Records to use ::
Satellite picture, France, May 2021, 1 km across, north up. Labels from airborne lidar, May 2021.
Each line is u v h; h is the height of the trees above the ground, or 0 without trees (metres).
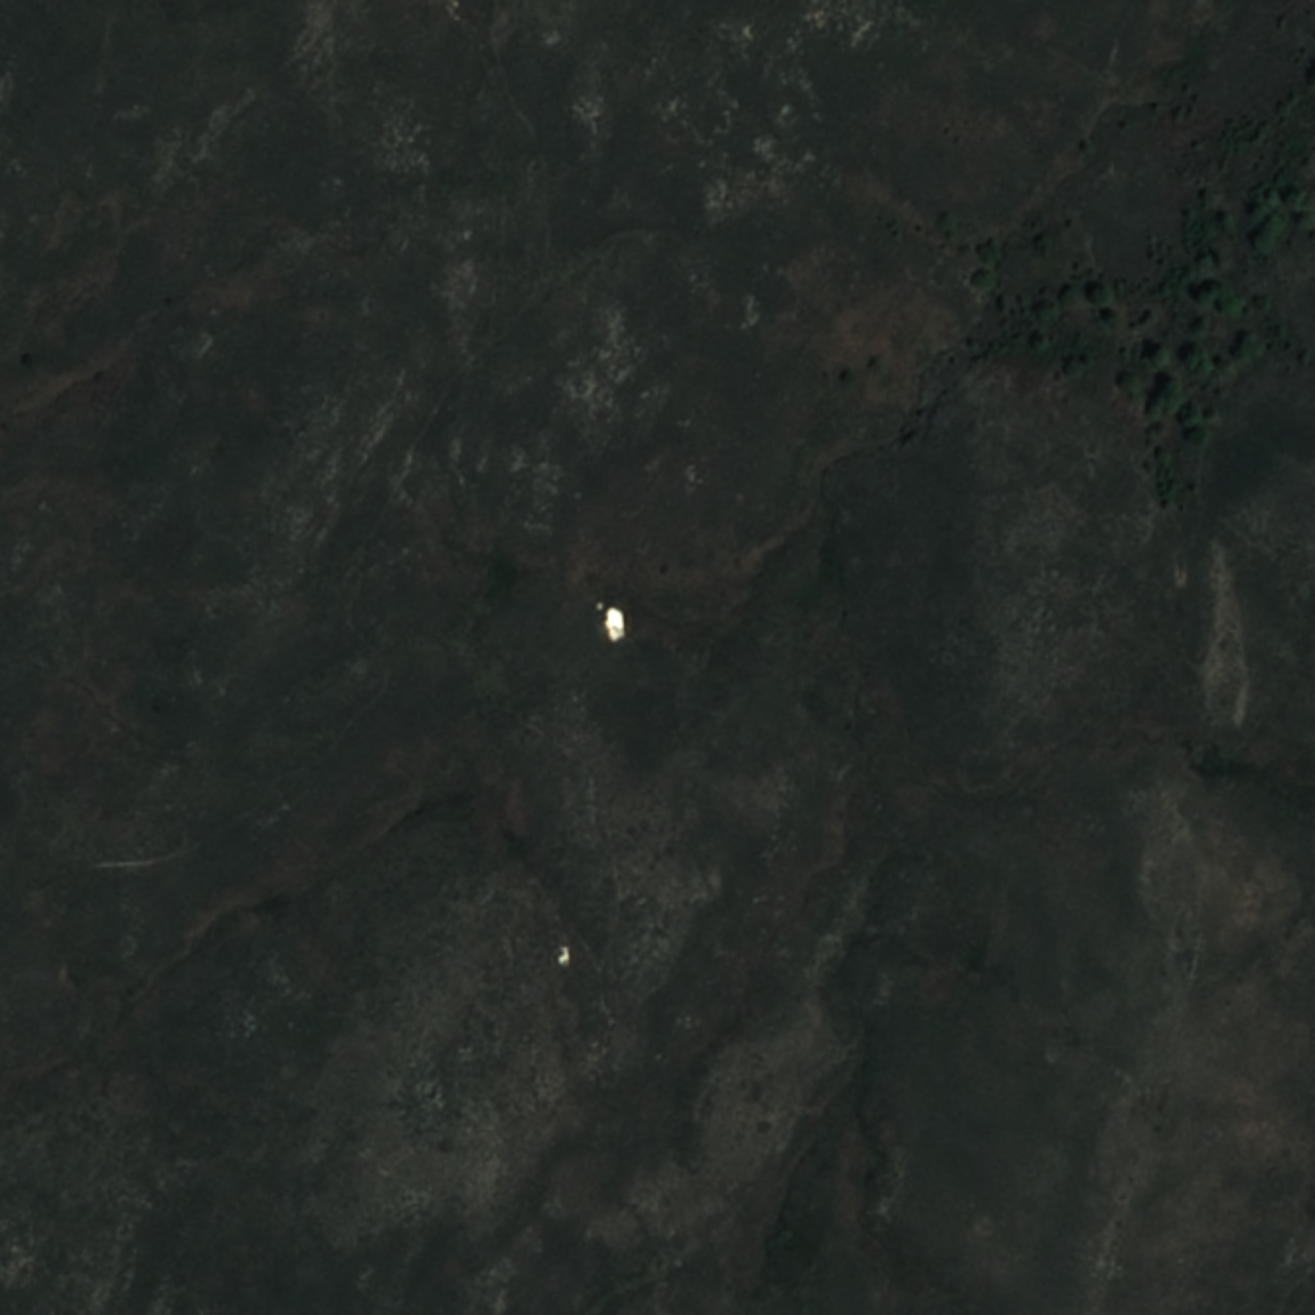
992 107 0
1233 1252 0
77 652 0
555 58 0
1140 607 0
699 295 0
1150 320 10
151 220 0
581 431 0
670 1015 0
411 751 0
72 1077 0
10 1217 0
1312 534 0
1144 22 0
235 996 0
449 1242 0
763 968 0
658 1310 0
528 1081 0
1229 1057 0
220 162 0
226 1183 0
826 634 0
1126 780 0
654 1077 0
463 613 0
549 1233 0
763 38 0
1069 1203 0
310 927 0
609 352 0
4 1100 0
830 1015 0
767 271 0
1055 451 0
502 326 0
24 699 0
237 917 0
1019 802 0
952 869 0
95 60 0
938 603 0
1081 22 0
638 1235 0
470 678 0
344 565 0
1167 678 0
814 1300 0
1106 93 0
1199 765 0
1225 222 14
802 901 0
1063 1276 0
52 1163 0
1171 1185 0
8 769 0
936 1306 0
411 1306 0
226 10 0
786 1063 0
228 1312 0
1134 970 0
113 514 0
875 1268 0
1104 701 0
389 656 0
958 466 0
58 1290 0
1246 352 13
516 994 0
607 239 0
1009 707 0
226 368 0
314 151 0
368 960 0
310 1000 0
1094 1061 0
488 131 0
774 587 0
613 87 0
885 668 0
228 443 0
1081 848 0
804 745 0
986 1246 0
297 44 0
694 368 0
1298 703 0
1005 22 0
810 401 0
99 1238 0
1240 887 0
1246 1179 0
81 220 0
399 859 0
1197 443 13
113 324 0
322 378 0
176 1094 0
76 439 0
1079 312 0
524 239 0
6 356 0
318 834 0
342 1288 0
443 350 0
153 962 0
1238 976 0
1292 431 0
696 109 0
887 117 0
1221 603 0
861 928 0
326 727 0
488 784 0
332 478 0
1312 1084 0
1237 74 0
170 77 0
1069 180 0
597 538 0
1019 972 0
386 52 0
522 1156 0
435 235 0
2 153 0
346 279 0
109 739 0
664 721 0
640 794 0
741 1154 0
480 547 0
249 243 0
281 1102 0
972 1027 0
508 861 0
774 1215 0
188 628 0
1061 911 0
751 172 0
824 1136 0
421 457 0
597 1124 0
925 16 0
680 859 0
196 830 0
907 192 0
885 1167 0
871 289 0
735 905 0
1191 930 0
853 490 0
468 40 0
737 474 0
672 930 0
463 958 0
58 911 0
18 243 0
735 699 0
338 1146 0
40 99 0
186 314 0
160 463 0
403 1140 0
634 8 0

Exercise :: Please copy the data above character for character, skipping any pictures.

Solution ::
Satellite picture, France, May 2021, 1 km across, north up. Labels from airborne lidar, May 2021.
Each line is u v h; h is the height of the trees above the ground, or 0 without trees (metres).
992 107 0
1233 1252 0
77 652 0
555 58 0
1140 607 0
699 295 0
1150 320 10
151 220 0
581 431 0
670 1015 0
411 751 0
72 1077 0
10 1217 0
1312 534 0
1144 22 0
235 996 0
449 1242 0
763 968 0
658 1310 0
528 1081 0
1229 1057 0
220 162 0
226 1183 0
826 634 0
1126 780 0
654 1077 0
463 613 0
549 1233 0
763 38 0
1069 1203 0
310 927 0
609 352 0
4 1100 0
830 1015 0
767 271 0
1055 451 0
502 326 0
24 699 0
237 917 0
1019 802 0
952 869 0
95 60 0
938 603 0
1081 22 0
638 1235 0
470 678 0
344 565 0
1167 678 0
814 1300 0
1106 93 0
1199 765 0
1225 222 14
802 901 0
1063 1276 0
52 1163 0
1171 1185 0
8 769 0
936 1306 0
411 1306 0
226 10 0
786 1063 0
228 1312 0
1134 970 0
113 514 0
875 1268 0
1104 701 0
389 656 0
958 466 0
58 1290 0
1246 352 13
516 994 0
607 239 0
1009 707 0
226 368 0
314 151 0
368 960 0
310 1000 0
1094 1061 0
488 131 0
774 587 0
613 87 0
885 668 0
228 443 0
1081 848 0
804 745 0
986 1246 0
297 44 0
694 368 0
1298 703 0
1005 22 0
810 401 0
99 1238 0
1240 887 0
1246 1179 0
81 220 0
399 859 0
1197 443 13
113 324 0
322 378 0
176 1094 0
76 439 0
1079 312 0
524 239 0
6 356 0
318 834 0
342 1288 0
443 350 0
153 962 0
1238 976 0
1292 431 0
696 109 0
887 117 0
1221 603 0
861 928 0
326 727 0
488 784 0
332 478 0
1312 1084 0
1237 74 0
170 77 0
1069 180 0
597 538 0
1019 972 0
386 52 0
522 1156 0
435 235 0
2 153 0
346 279 0
109 739 0
664 721 0
640 794 0
741 1154 0
480 547 0
249 243 0
281 1102 0
972 1027 0
508 861 0
774 1215 0
188 628 0
1061 911 0
751 172 0
824 1136 0
421 457 0
597 1124 0
925 16 0
680 859 0
196 830 0
907 192 0
885 1167 0
871 289 0
735 905 0
1191 930 0
853 490 0
468 40 0
737 474 0
672 930 0
463 958 0
58 911 0
18 243 0
735 699 0
338 1146 0
40 99 0
186 314 0
160 463 0
403 1140 0
634 8 0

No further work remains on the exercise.